Vin Mazzaro, RHP, New Jersey Jackals

Pitchers with nearly 400 innings of big-league experience don’t grow on trees, but the Jackals have one in their rotation in Mazzaro, a New Jersey native who started 45 games in the show with five ball clubs. He struck out 233 batters, even getting some work in the playoffs as a Pittsburgh Pirate in 2013. 

At 36 years old, Mazzaro’s prime is behind him, and he hasn’t appeared in a major-league game since appearing for the Giants in 2016, but he’s carved out a solid second act as a veteran of the independent game, playing at that level since 2017 – and in the Frontier since last season. 

It is his second stint with the Jackals, overall, but first with the team since it has been a member of the Frontier League.

Mazzaro previously pitched for New Jersey in 2018 when it was a member of the now-defunct Can-Am League and returned to the club from the Sussex County Miners in the offseason. He pitched 83 innings for the Miners, striking out 72 and posting a 4.99 ERA. 

His lone start with the Jackals in 2023 as of Tuesday saw him go four innings and strike out four.
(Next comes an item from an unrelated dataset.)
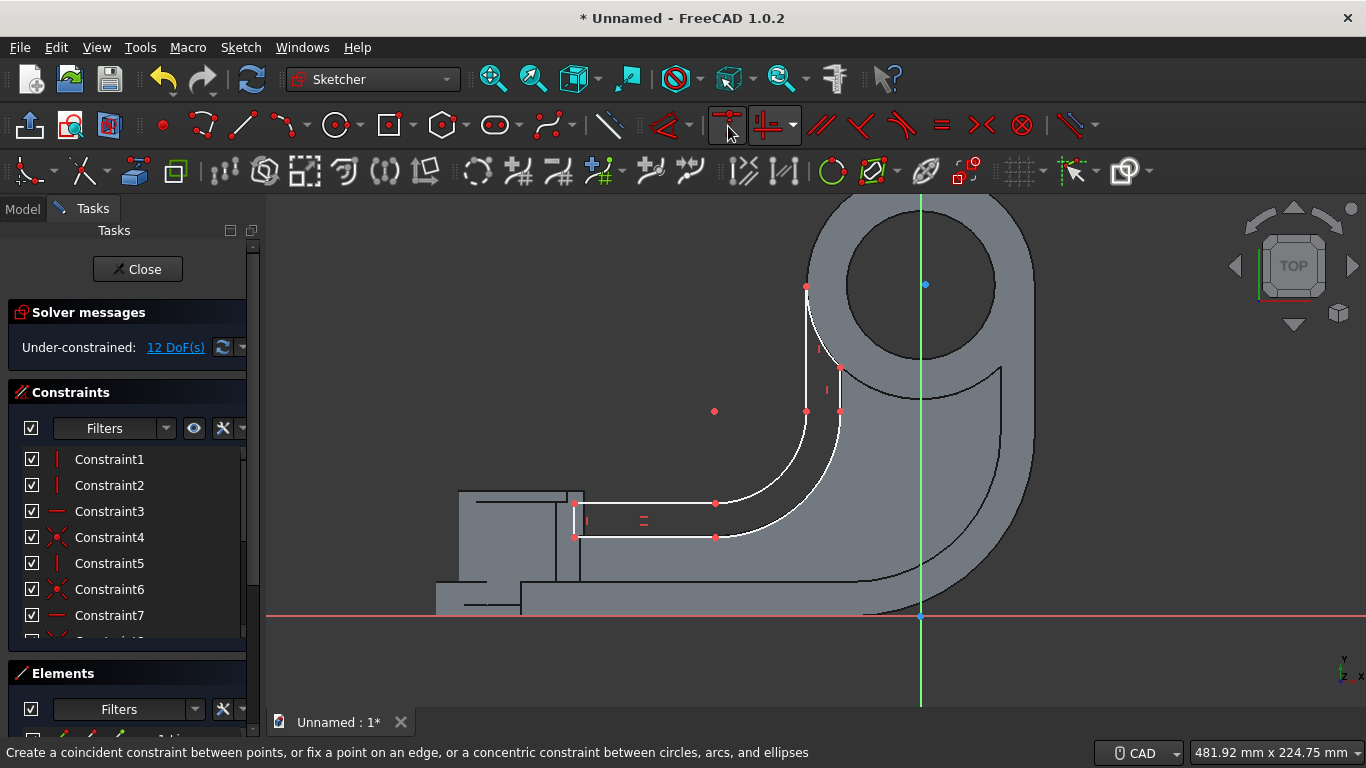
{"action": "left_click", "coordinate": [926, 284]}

He allowed two earned runs on three hits, but having a dependable veteran presence at the top of rotation – especially one that’s been well-accustomed to the independent scene by now – should grant a New Jersey squad looking to find its footing in its third Frontier season a key asset. 

Mike Kickham, LHP, Florence Y’alls

Drafted in the sixth round by the Giants in 2010, Kickham, originally from Missouri, made the majors twice (in two stints) and now is testing the waters in the Frontier League as a 34-year-old trying to prove he’s at least got another year of climbing up the ladder left in him. 
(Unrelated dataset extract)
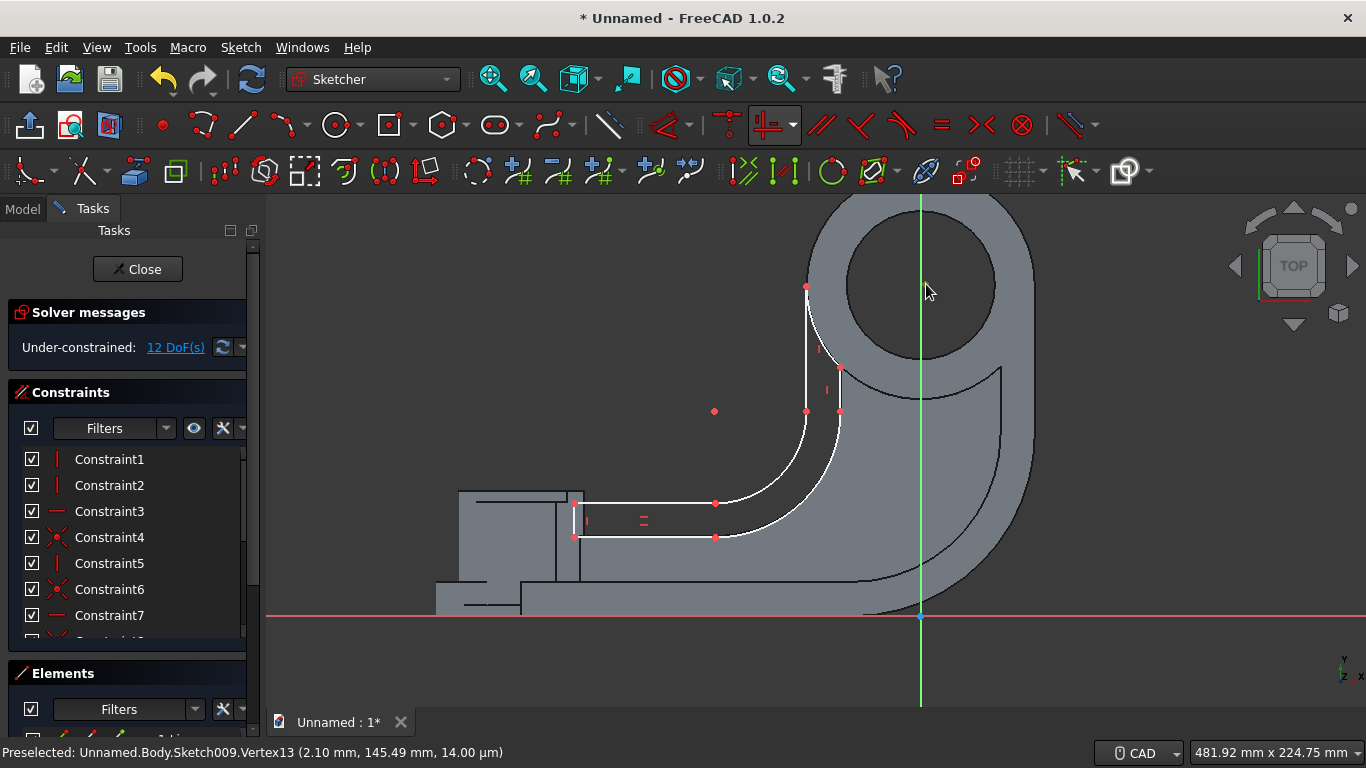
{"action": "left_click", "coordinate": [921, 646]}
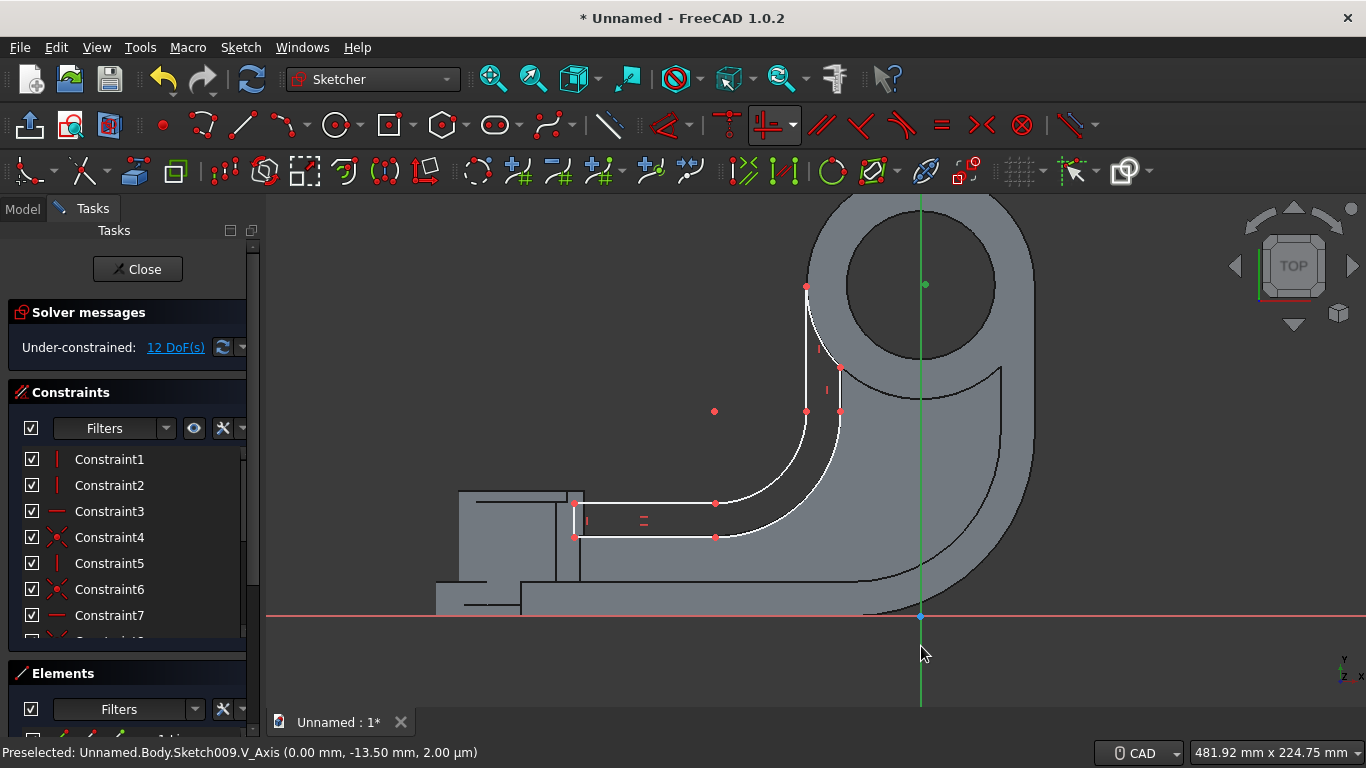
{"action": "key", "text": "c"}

Kickham threw nearly 900 innings in the minors, many of which were at the Triple-A level, though his first tenure in the majors came during the 2013-2014 season with the team that drafted him.

That year, he tossed 30 1/3 MLB frames across 14 appearances. 

Six years later, his name was called again, this time by the Boston Red Sox during the pandemic-affected 2020 season. It was then that he picked up his first (and to date, only) MLB victory. 

The next season, he played in a single game with the Los Angeles Dodgers, bringing his inning count in his second big-league stint to 16 innings.

Kickham signed with Florence in March, returning home to the United States after brief stints in leagues in Mexico and Venezuela, and made his debut as a starter in the Y’alls’ opening 2023 series against the Gateway Grizzlies. 

To date, he’s still looking for the first win in independent baseball. After two starts, he has no decisions and a 5.40 ERA across five total innings, but there’s still a long summer to go – and Kickham, obviously, has been properly battle-tested.

J.D. Hammer, RHP, Lake Erie Crushers

If you don’t recognize the name, diehard MLB watchers (especially those who are Phillies fans) definitely will recognize Hammer by the thick black glasses he wears on the mound due to poor eyesight, resembling fictional hurler Ricky Vaughn’s getup in the classic baseball film “Major League.” 

But the Colorado native is more than just a bit of a meme – he was a pretty good option from the bullpen in two major-league seasons with Philly, too. 

Originally drafted by the Colorado Rockies in 2016 out of Marshall, Hammer was acquired by the Phillies in a trade the next year between the two organizations that sent All-Star and sidearm reliever Pat Neshek to Denver. 

Hammer made his MLB debut with Philadelphia two years later, appearing in 20 games with a 3.79 ERA across 19 innings, then had a second run with the club two years later with similar results, going 20 innings in 2021 with a 4.95 ERA and 22 strikeouts. 

Free agency after that season led Hammer back to the Rockies (where he spent all of 2022 with Triple-A Albuquerque) and another election to go into free agency after that led him to the Crushers, where he’s making his debut in independent baseball. 

So far in 2023, Hammer has been on it for Lake Erie, going five innings in five appearances with four strikeouts and a 1.80 ERA. 

The 28-year-old has brought an extra edge to the Crushers’ staff – and a great Charlie Sheen cosplay, too.